Another aspect to consider is that currently, the interpretation of genetic variants is supported by the deep
phenotyping of patients, which is necessary before performing the test, and through reverse phenotyping
after the completion of the genomic test, which helps to evaluate the clinical significance of the variants.
This essential exchange process between clinic and laboratory, along with the simultaneous analysis of
[49]
parents (trio), helps to reduce the uncertainties of genomic results (class 3 variant or VUS) . The lack of
phenotype in asymptomatic newborns (screening context) makes this exchange process between laboratory
and clinic impossible, allowing for reporting only variants with a high probability of pathogenicity (class 4
and 5), increasing the possibility of false negatives in genomic screening. The database will need to be filled
with class 4 and 5 variants, but class 3 (VUS) can also be used if they are being controlled with biomarkers
(if possible), to help to know whether it can be judged as a class 4 or 5 variant in the future.
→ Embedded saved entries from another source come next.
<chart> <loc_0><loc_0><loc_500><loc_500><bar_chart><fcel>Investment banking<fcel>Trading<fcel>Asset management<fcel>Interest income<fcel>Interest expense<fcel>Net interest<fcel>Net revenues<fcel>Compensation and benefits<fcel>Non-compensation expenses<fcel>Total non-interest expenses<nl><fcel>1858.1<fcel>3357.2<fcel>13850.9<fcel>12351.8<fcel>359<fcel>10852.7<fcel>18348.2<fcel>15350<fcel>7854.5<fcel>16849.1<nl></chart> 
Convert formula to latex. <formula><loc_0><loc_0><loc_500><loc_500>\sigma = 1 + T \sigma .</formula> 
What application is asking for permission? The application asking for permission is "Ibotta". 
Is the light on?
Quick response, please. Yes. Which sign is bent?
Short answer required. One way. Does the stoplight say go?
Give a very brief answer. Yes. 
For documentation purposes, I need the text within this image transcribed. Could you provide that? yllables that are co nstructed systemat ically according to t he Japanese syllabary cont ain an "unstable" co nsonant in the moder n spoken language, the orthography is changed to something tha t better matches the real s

This would possibly create confusion even among expert operators in the field, but we want to emphasize
the critical importance of careful variant curation, ensuring that only combinations of biallelic variants that
are known to be associated with early-onset disease are reported, and that communicating uncertainties or
making predictions of a remote future is not necessarily beneficial.
The use of genomic techniques in this target population brings up unprecedented ethical, psychological, and
social issues in the field of screening. All these and other open questions must be carefully considered before
national genomic screening programs are implemented [30,39,50] .
CONCLUSIONS
Recommendations include assessing the accuracy and predictive capacity of gNBS, by cautiously
implementing gNBS with a focus on treatable disorders, utilizing second-tier analyses or biomarkers to
refine diagnosis and treatment decisions, and establishing protocols for the close monitoring of conditions
with uncertain prognostic implications.
A prudent approach would be to start gNBS by including only a combination of (likely) pathogenic DNA
variants associated with an established list of treatable disorders. With this approach, some patients will be
missed, but it will limit many false positives. Along the way, we will learn how to reclassify the variants from
the missed patients who will manifest these disorders.
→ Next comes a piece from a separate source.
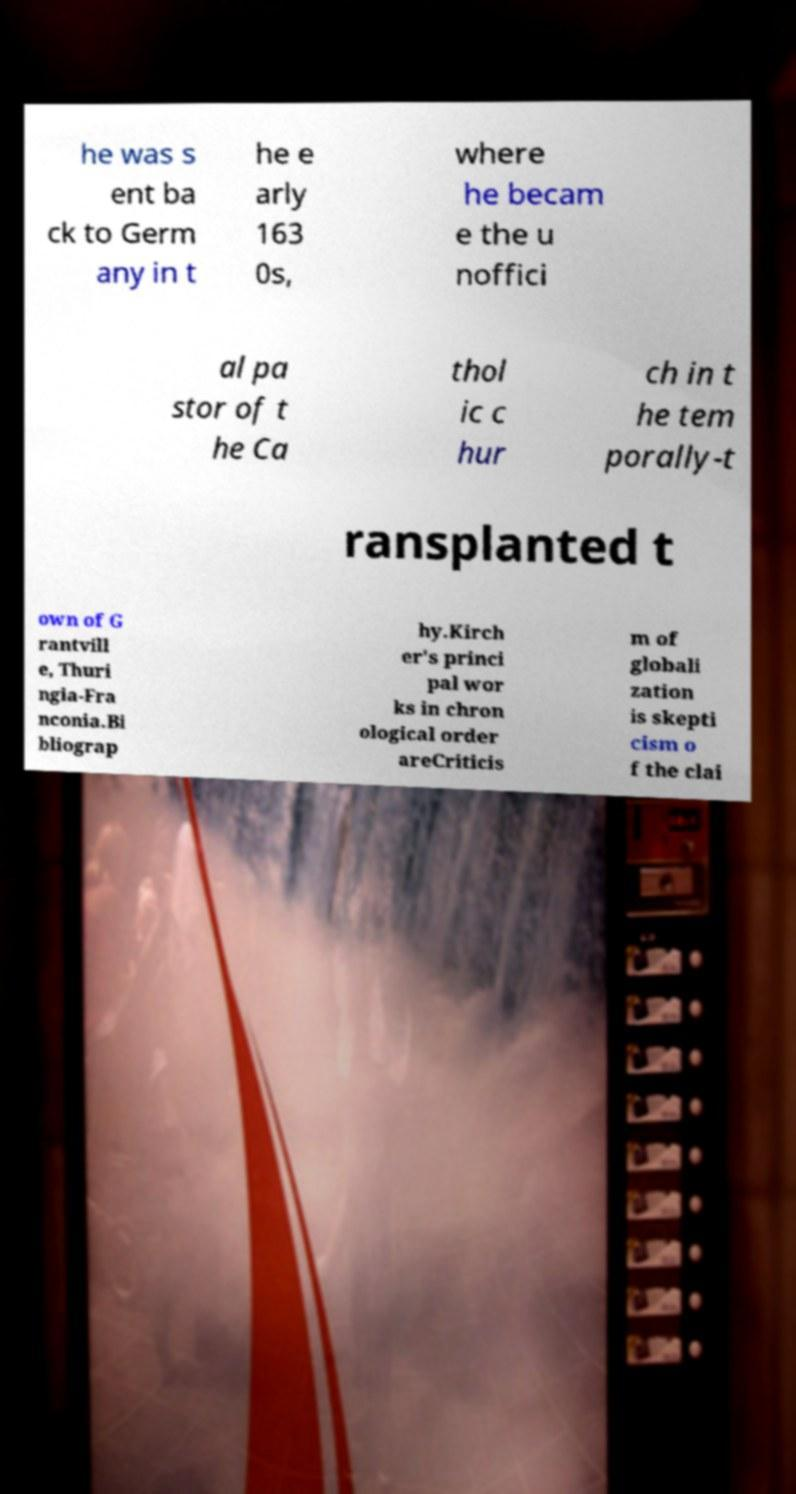Please identify and transcribe the text found in this image. he was s ent ba ck to Germ any in t he e arly 163 0s, where he becam e the u noffici al pa stor of t he Ca thol ic c hur ch in t he tem porally-t ransplanted t own of G rantvill e, Thuri ngia-Fra nconia.Bi bliograp hy.Kirch er's princi pal wor ks in chron ological order areCriticis m of globali zation is skepti cism o f the clai

The evaluation of early-initiated therapies is imperative for determining treatment efficacy, aligning with
the criterion of treatability in NBS inclusion criteria. Indeed, one of the classical criteria for including a
condition in the NBS is its present treatability, if possible, with strong evidence, to significantly improve the
natural history of the disease for most of the patients bearing such genetic variants.
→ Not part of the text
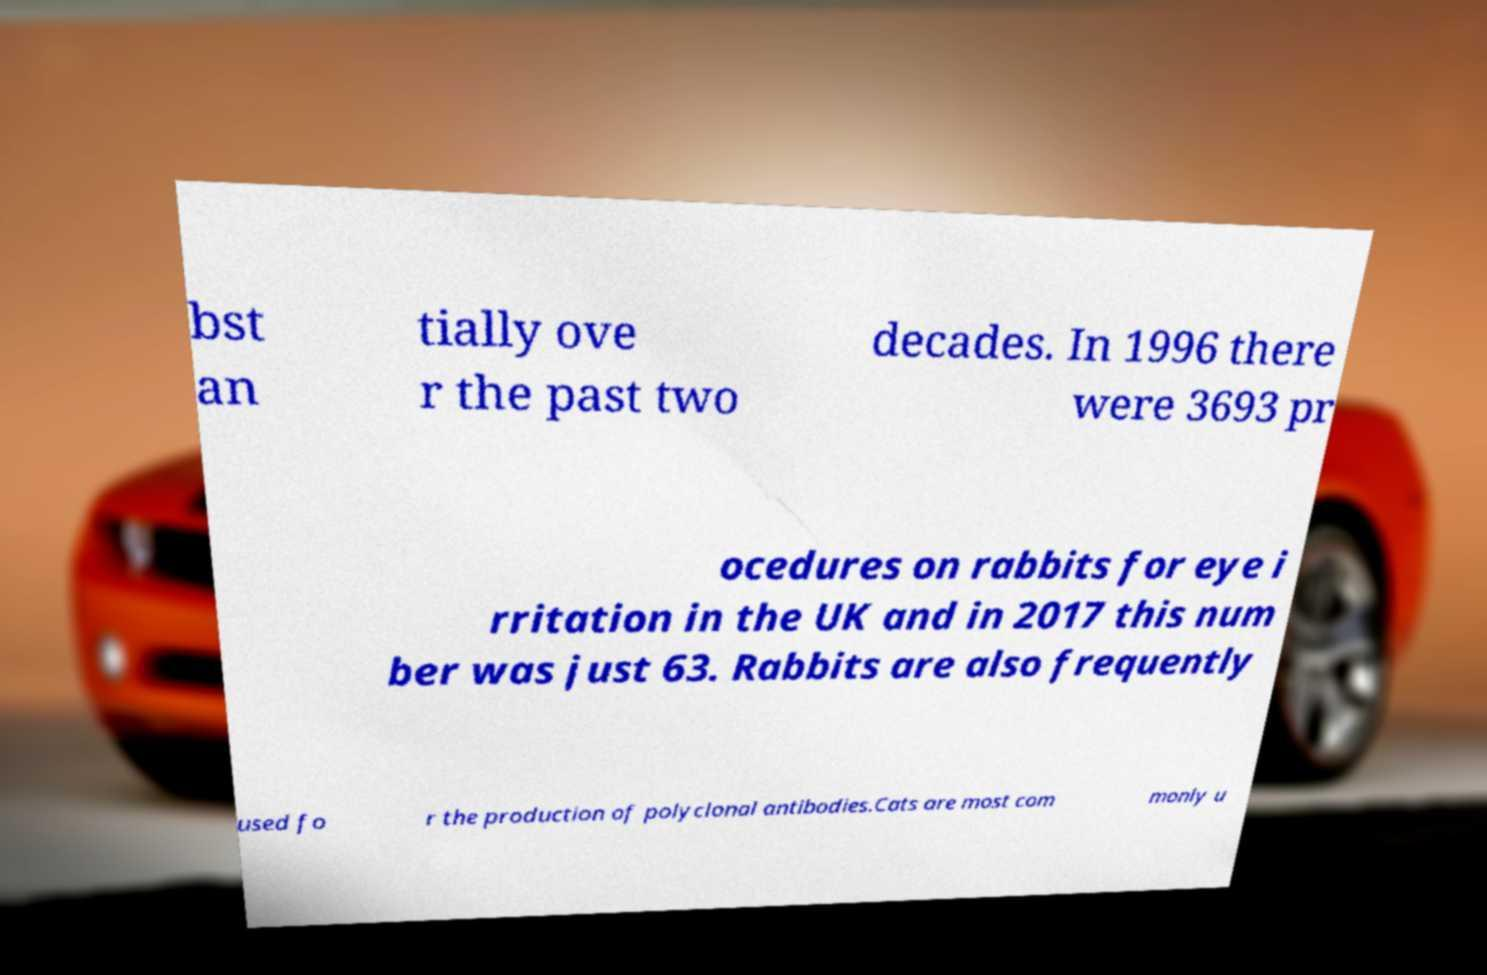Could you assist in decoding the text presented in this image and type it out clearly? bst an tially ove r the past two decades. In 1996 there were 3693 pr ocedures on rabbits for eye i rritation in the UK and in 2017 this num ber was just 63. Rabbits are also frequently used fo r the production of polyclonal antibodies.Cats are most com monly u

For those conditions with an expected late-onset manifestation or genetic variants without a precise
prediction of the disease evolution, we need to carefully discuss whether these should be included and, if
included, protocols for a close follow-up of these newborns must be established with the objective of not
missing the possibility of initiating a specific treatment before the appearance of irreversible organ/system
damage.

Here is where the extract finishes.